Gets the first element. Returns None if empty.

The element is returned by value, so T must implement Copy.

Example

use zerovec::ZeroVec;

let bytes: &[u8] = &[0xD3, 0x00, 0x19, 0x01, 0xA5, 0x01, 0xCD, 0x01];
let zerovec: ZeroVec<u16> = ZeroVec::try_from_bytes(bytes).expect("infallible");

assert_eq!(zerovec.first(), Some(211));

pub fn last(&self) -> Option<T>

Gets the last element. Returns None if empty.

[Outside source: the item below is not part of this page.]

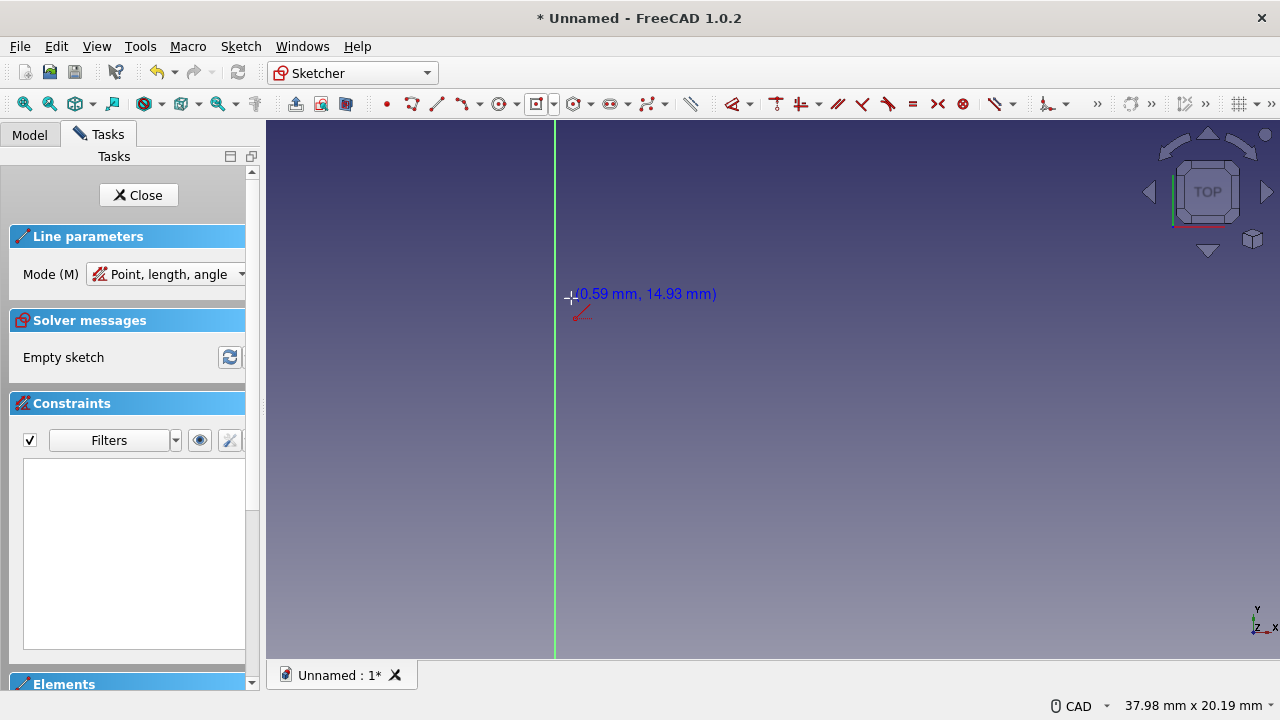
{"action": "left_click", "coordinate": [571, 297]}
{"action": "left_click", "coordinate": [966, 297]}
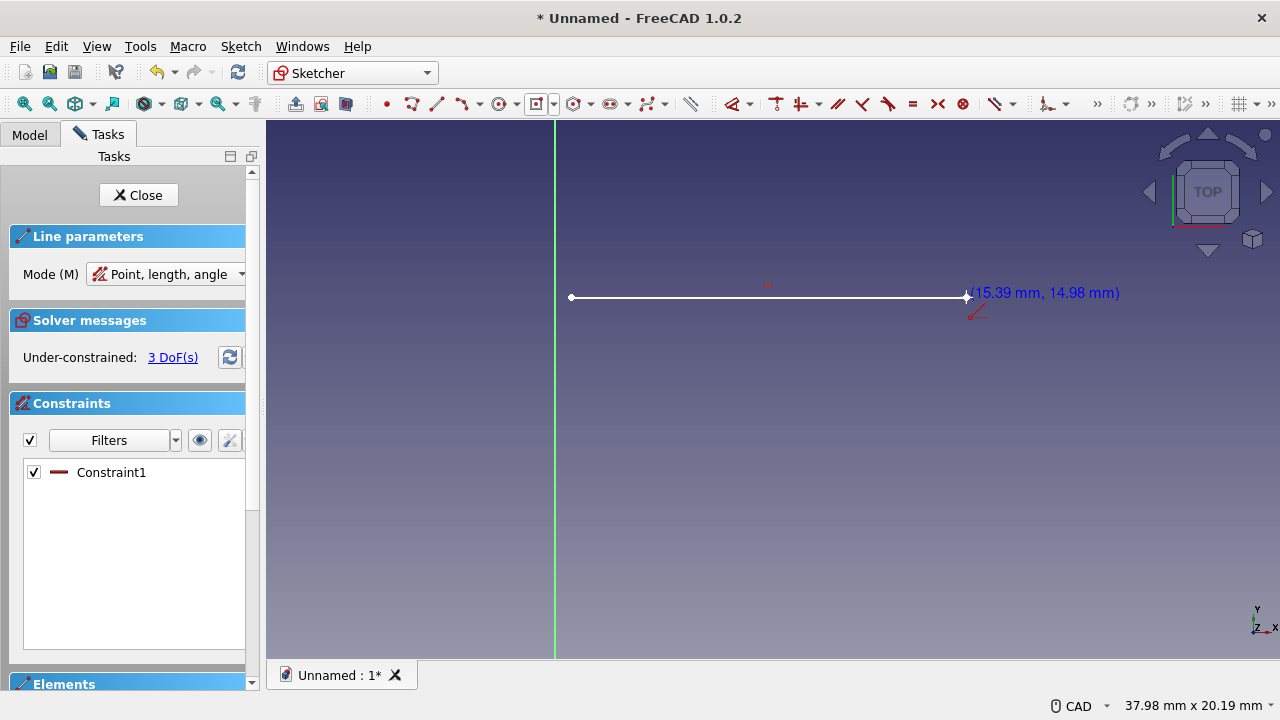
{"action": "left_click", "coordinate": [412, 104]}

The element is returned by value, so T must implement Copy.

Example

use zerovec::ZeroVec;

let bytes: &[u8] = &[0xD3, 0x00, 0x19, 0x01, 0xA5, 0x01, 0xCD, 0x01];
let zerovec: ZeroVec<u16> = ZeroVec::try_from_bytes(bytes).expect("infallible");

assert_eq!(zerovec.last(), Some(461));

pub fn iter(&self) -> impl Iterator<Item = T> + '_

Gets an iterator over the elements.

The elements are returned by value, so T must implement Copy.

Example

use zerovec::ZeroVec;

let bytes: &[u8] = &[0xD3, 0x00, 0x19, 0x01, 0xA5, 0x01, 0xCD, 0x01];
let zerovec: ZeroVec<u16> = ZeroVec::try_from_bytes(bytes).expect("infallible");
let mut it = zerovec.iter();

assert_eq!(it.next(), Some(211));
assert_eq!(it.next(), Some(281));
assert_eq!(it.next(), Some(421));
assert_eq!(it.next(), Some(461));
assert_eq!(it.next(), None);

pub fn into_owned(self) -> ZeroVec<'static, T>

Converts a borrowed ZeroVec to an owned ZeroVec. No-op if already owned.

Example

use zerovec::ZeroVec;

let bytes: &[u8] = &[0xD3, 0x00, 0x19, 0x01, 0xA5, 0x01, 0xCD, 0x01];
let zerovec: ZeroVec<u16> = ZeroVec::try_from_bytes(bytes).expect("infallible");
assert!(matches!(zerovec, ZeroVec::Borrowed(_)));

let owned = zerovec.into_owned();
assert!(matches!(owned, ZeroVec::Owned(_)));

impl<T> ZeroVec<'_, T> where
    T: AsULE + Ord, 

pub fn binary_search(&self, x: &T) -> Result<usize, usize>

Binary searches a sorted ZeroVec<T> for the given element. For more information, see the primitive function binary_search.

Example

use zerovec::ZeroVec;

let bytes: &[u8] = &[0xD3, 0x00, 0x19, 0x01, 0xA5, 0x01, 0xCD, 0x01];
let zerovec: ZeroVec<u16> = ZeroVec::try_from_bytes(bytes).expect("infallible");

assert_eq!(zerovec.binary_search(&281), Ok(1));
assert_eq!(zerovec.binary_search(&282), Err(2));

Trait Implementations

impl<'a, T: Clone + ?Sized> Clone for ZeroVec<'a, T> where
    T: AsULE,
    T::ULE: Clone,
    T::ULE: Clone, 

fn clone(&self) -> ZeroVec<'a, T>

Returns a copy of the value.

fn clone_from(&mut self, source: &Self)

Performs copy-assignment from source.

impl<T> Debug for ZeroVec<'_, T> where
    T: AsULE + Debug, 

fn fmt(&self, f: &mut Formatter<'_>) -> Result

Formats the value using the given formatter.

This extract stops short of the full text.